Assay for EEF development in vitro. This assay was performed as described previously (19) with a few modifications. Briefly, HepG2 cells (ATCC HB8065; American Type Culture Collection, Manassas, Va.) were plated in chamber slides (model 4808; Lab-tek, Naperville, Ill.) 48 h before each experiment. Plasmodium berghei sporozoites were dissected from mosquito salivary glands and resuspended in Dulbecco modified Eagle medium (Gibco BRL, Gaithersburg, Md.) supplemented with 10% fetal calf serum (HyClone Laboratories, Logan, Utah) and 20 mM HEPES (Sigma, St. Louis, Mo.). Approximately 50,000 sporozoites were added per well, and the parasites were allowed to adhere to and invade the HepG2 cells for 2 h. The wells were washed, and the cells were grown for an additional 2 days after which they were fixed with methanol. The EEF were then revealed with monoclonal antibody (MAb) 2E6 (34) followed by goat anti-mouse immunoglobulin (Ig) conjugated to horseradish peroxidase (Accurate Chemical Corp., Westbury, N.Y.) and 3,3'-diaminobenzidine (Sigma). The EEF in each well were counted microscopically with a 20× light microscope objective.

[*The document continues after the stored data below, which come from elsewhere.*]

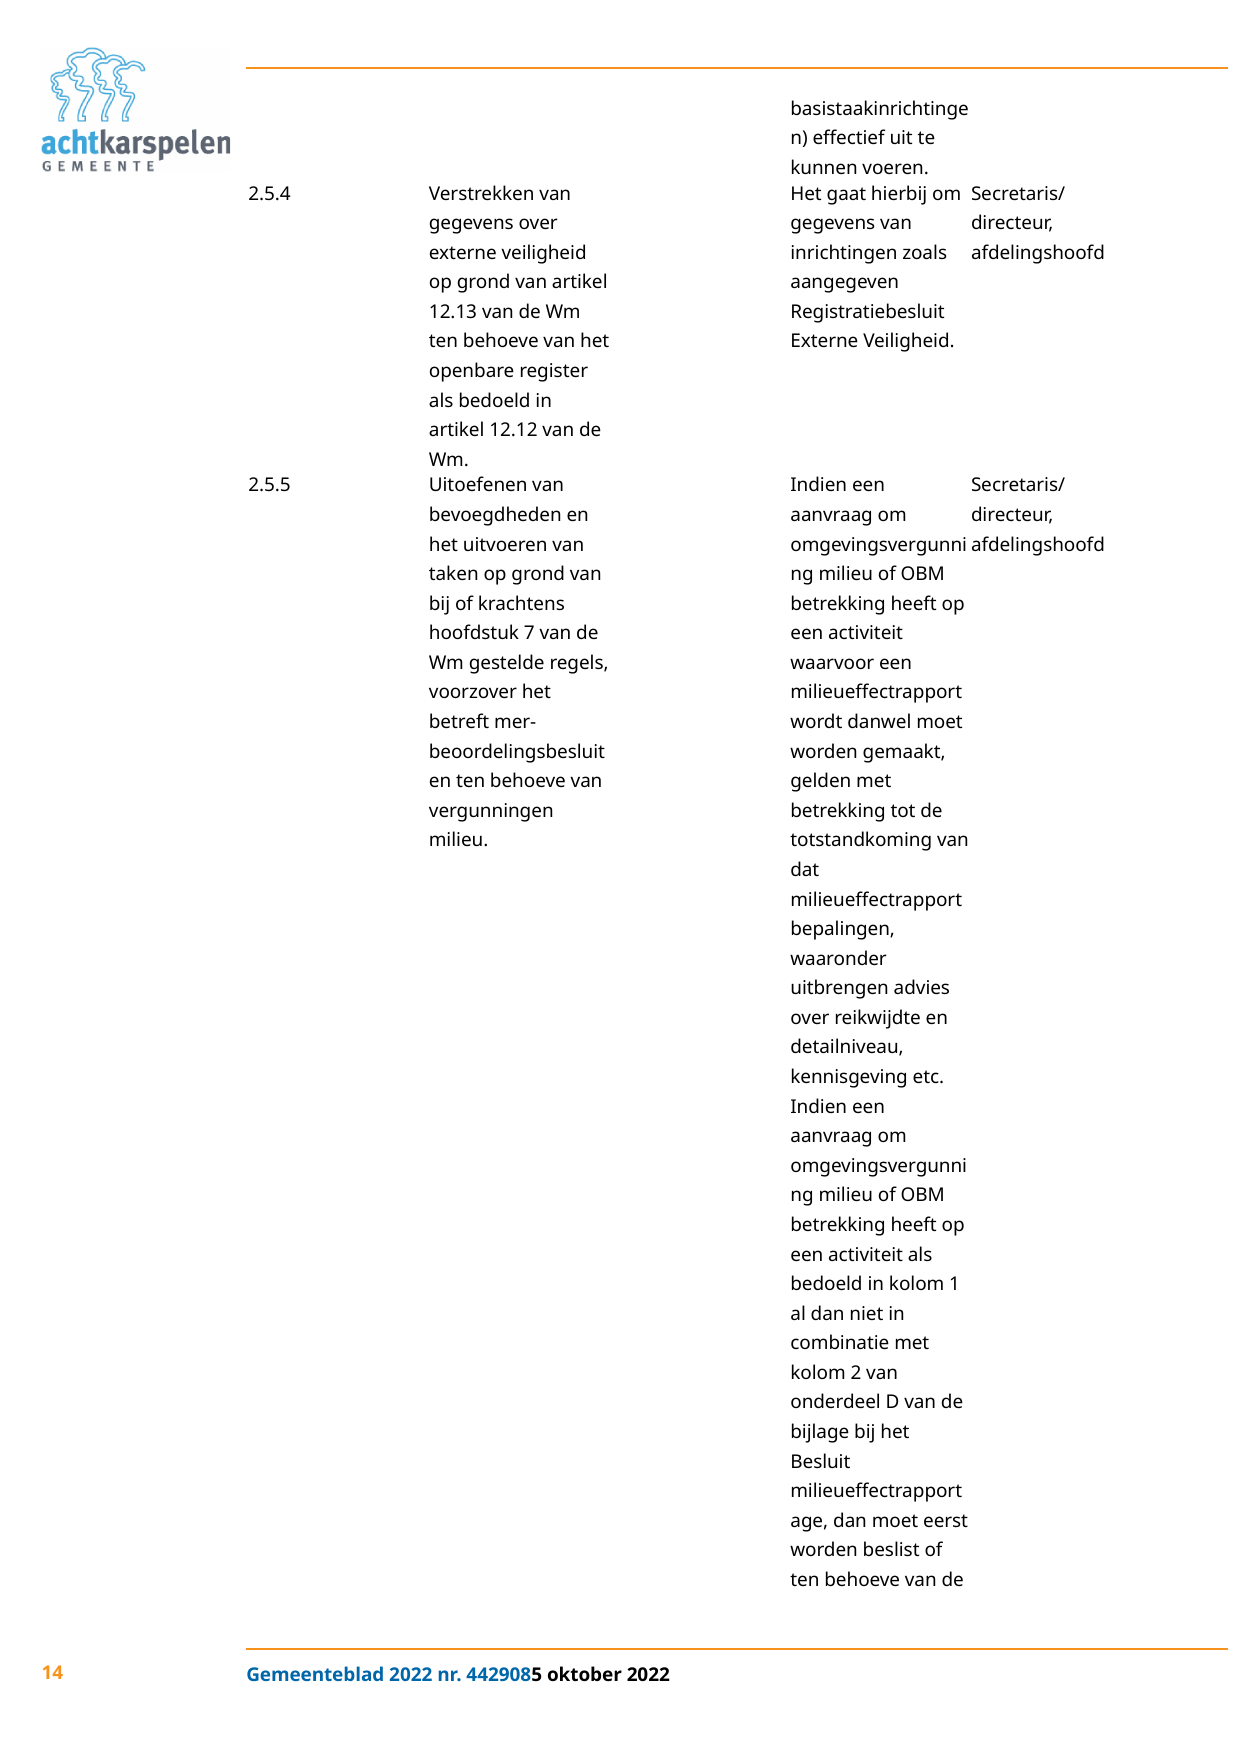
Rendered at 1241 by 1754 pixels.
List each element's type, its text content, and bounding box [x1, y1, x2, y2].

table_cell Uitoefenen van bevoegdheden en het uitvoeren van taken op grond van bij of krachtens hoofdstuk 7 van de Wm gestelde regels, voorzover het betreft mer-beoordelingsbesluiten ten behoeve van vergunningen milieu. [429, 472, 609, 1592]
table_cell 2.5.5 [248, 472, 429, 1592]
table_cell basistaakinrichtingen) effectief uit te kunnen voeren. [790, 95, 971, 180]
table_cell [429, 95, 609, 180]
picture [41, 47, 231, 172]
table_cell [609, 180, 790, 472]
table_cell [971, 95, 1152, 180]
table_cell Verstrekken van gegevens over externe veiligheid op grond van artikel 12.13 van de Wm ten behoeve van het openbare register als bedoeld in artikel 12.12 van de Wm. [429, 180, 609, 472]
table_cell [609, 95, 790, 180]
table_cell Het gaat hierbij om gegevens van inrichtingen zoals aangegeven Registratiebesluit Externe Veiligheid. [790, 180, 971, 472]
table_cell Secretaris/ directeur, afdelingshoofd [971, 472, 1152, 1592]
table_cell [609, 472, 790, 1592]
table_cell [248, 95, 429, 180]
table_cell 2.5.4 [248, 180, 429, 472]
table_cell Indien een aanvraag om omgevingsvergunning milieu of OBM betrekking heeft op een activiteit waarvoor een milieueffectrapport wordt danwel moet worden gemaakt, gelden met betrekking tot de totstandkoming van dat milieueffectrapport bepalingen, waaronder uitbrengen advies over reikwijdte en detailniveau, kennisgeving etc. Indien een aanvraag om omgevingsvergunning milieu of OBM betrekking heeft op een activiteit als bedoeld in kolom 1 al dan niet in combinatie met kolom 2 van onderdeel D van de bijlage bij het Besluit milieueffectrapportage, dan moet eerst worden beslist of ten behoeve van de [790, 472, 971, 1592]
table_cell Secretaris/ directeur, afdelingshoofd [971, 180, 1152, 472]

Microscopic assay for quantification of sporozoite invasion. This assay was conducted according to the method described by Renia et al. (27) with a few modifications. HepG2 cells were plated in chamber slides as described above. P. berghei sporozoites were pretreated with 3 µM lactacystin in Dulbecco modified Eagle medium-fetal calf serum for 1 h at room temperature, washed, and then added to the HepG2 cells. Controls were pretreated with medium alone. The parasites were incubated with the HepG2 cells for 1 h at 37°C in 5% CO₂. The unattached sporozoites and medium were then removed, and the cells were fixed with 4% paraformaldehyde. The extracellular parasites were revealed by incubation with MAb 3D11 followed by goat anti-mouse Ig conjugated to rhodamine (Boehringer Mannheim, Indianapolis, Ind.). The HepG2 cells were then permeabilized with methanol, and all parasites (intra- and extracellular) were revealed with MAb 3D11 followed by goat anti-mouse Ig conjugated to fluorescein isothiocyanate (FITC; Boehringer Mannheim). MAb 3D11 binds to the repeats of the P. berghei circumsporozoite protein (38), found on both sporozoites and EEF (32). The slides were mounted, and each field was counted with two different UV filters so that both FITC-labeled and rhodamine-labeled sporozoites could be counted. Between 40 and 50 fields were counted per well. The percent invasion for each well was calculated from the following equation: [(total number of parasites  number of extracellular parasites)/total number of parasites] × 100 = % invasion, where the total number of parasites is the number of FITC-labeled sporozoites and the number of extracellular parasites is the number of rhodamine-labeled sporozoites.

Assessment of C-type rRNA switching to A-type rRNA. HepG2 cells (2.5 × 10⁵ cells/well) were plated in 24-well plates (Falcon; Becton Dickinson, Franklin Lakes, N.J.) and allowed to grow for 2 days. P. berghei sporozoites were incubated with 3 µM lactacystin or without lactacystin for 15 min at room temperature, and then 20,000 sporozoites were added to each well. After 2 h the medium was removed and fresh medium without inhibitor was added. At 5 and 21 h after infection, the cells from each well were trypsinized, spun at 300 × g, and resuspended in 1 ml of Tri-Reagent (Sigma) and total cellular RNA was extracted according to the manufacturer's instructions. Reverse transcriptase PCR (RT-PCR) was performed with an RT-PCR kit (Perkin-Elmer, Branchburg, N.J.). Total RNA was quantified by measuring the absorbance at 260 nm, and RT reactions were performed with 0.1 µg of RNA and random hexamers supplied by the manufacturer. PCR for this cDNA was performed with primers specific for either C- or A-type rRNA. These primers were designed based on published sequences (17) and included a 5' primer common to both types of rRNA (5'-GCCTGAGAAATAGCTACCACATC-3') and a 3' primer specific for either A-type rRNA (5'-CATGAAGATATCGAGGCGGAG-3') or C-type rRNA (5'-GGATAAAAGCAGTGACAGAAGTC-3'). Relative amounts of C- and A-type rRNA in each starting sample were estimated by performing PCR with serial dilutions of the cDNA.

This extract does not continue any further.